Compensation for career long loss only appropriate in exceptional circumstances

The Court of Appeal has held that when assessing compensation for a discriminatory dismissal, tribunals should award damages only up to the point when it was at least possible that the claimant would find an equivalent job. Only in rare cases where there is no real prospect of the claimant ever obtaining an equivalent job will it be appropriate for tribunals to award career-long compensation.

Key facts

The Claimant brought a race discrimination claim following his unsuccessful application for a promotion. After the employer received the claim the Claimant was called to a meeting on short notice at which he was summarily dismissed.

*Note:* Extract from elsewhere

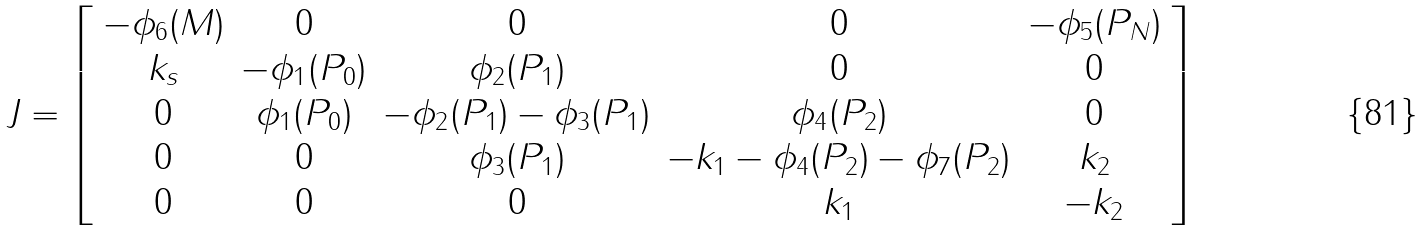<formula> <loc_0><loc_0><loc_500><loc_500>J = \left [ \begin{array} { c c c c c } - \phi _ { 6 } ( M ) & 0 & 0 & 0 & - \phi _ { 5 } ( P _ { N } ) \\ k _ { s } & - \phi _ { 1 } ( P _ { 0 } ) & \phi _ { 2 } ( P _ { 1 } ) & 0 & 0 \\ 0 & \phi _ { 1 } ( P _ { 0 } ) & - \phi _ { 2 } ( P _ { 1 } ) - \phi _ { 3 } ( P _ { 1 } ) & \phi _ { 4 } ( P _ { 2 } ) & 0 \\ 0 & 0 & \phi _ { 3 } ( P _ { 1 } ) & - k _ { 1 } - \phi _ { 4 } ( P _ { 2 } ) - \phi _ { 7 } ( P _ { 2 } ) & k _ { 2 } \\ 0 & 0 & 0 & k _ { 1 } & - k _ { 2 } \end{array} \right ]</formula> 
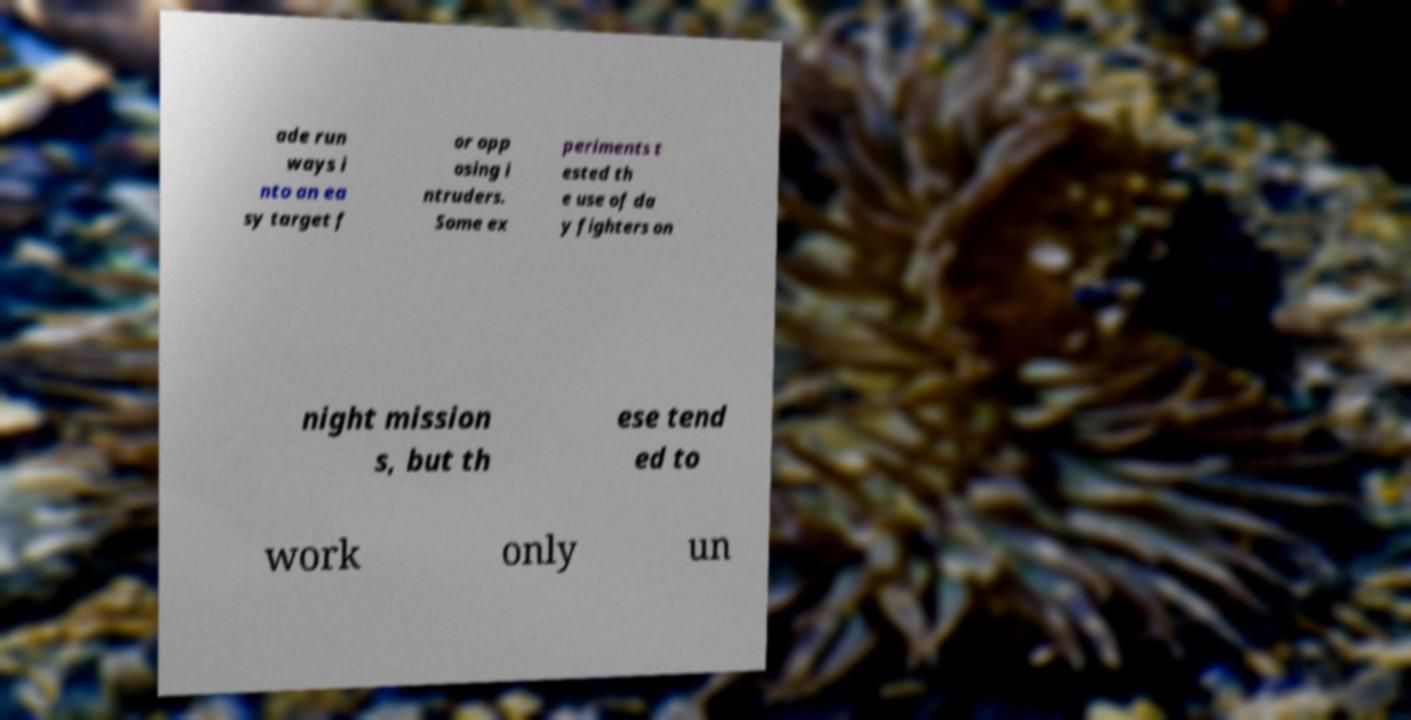Could you extract and type out the text from this image? ade run ways i nto an ea sy target f or opp osing i ntruders. Some ex periments t ested th e use of da y fighters on night mission s, but th ese tend ed to work only un

The Claimant successfully brought claims for unfair dismissal and victimisation. The Tribunal assessed the Claimant's loss by reference to the whole of his future career, applying discounts to reflect its findings about the percentage chances of the Claimant (i) leaving his employment in any event and (ii) finding a job with equivalent remuneration by a certain date. The Tribunal also applied the maximum 50% uplift to the award to reflect the employer's failure to comply with the statutory dispute resolution procedures. On appeal the EAT held that the Tribunal should have applied a sliding scale to reflect the increasing likelihood of the Claimant finding a job with equivalent compensation and substituted a 10% uplift for the 50% uplift. Both parties appealed to the Court of Appeal.

The decision

The Court of Appeal held that the tribunal had been wrong to assess the Claimant's losses by reference to the whole of his future career. The tribunal ought to have awarded compensation for future loss only up to the point where there was a better than 50% chance that he would have obtained an equivalent job. It would only be appropriate to assess losses by reference to the whole of a claimant's future career in those rare cases where there is no real prospect of the claimant ever obtaining an equivalent job. The maximum 50% uplift would only be appropriate in very exceptional cases and was not justified in this instance.

What this means for employers

The case is reassuring for employers as it emphasises the rarity of cases where career-long losses will be an appropriate basis for assessing compensation. In most cases the tribunal will be required to make a finding as to when the claimant would be likely to get an equivalent job and award compensation only up to that point. Although the statutory dispute resolution procedures have now been repealed, the principle relating to uplifts applies equally to the tribunal's discretion to award an uplift of up to 25% where an employer has unreasonably failed to follow the ACAS Code of Practice on Disciplinary and Grievance Procedures.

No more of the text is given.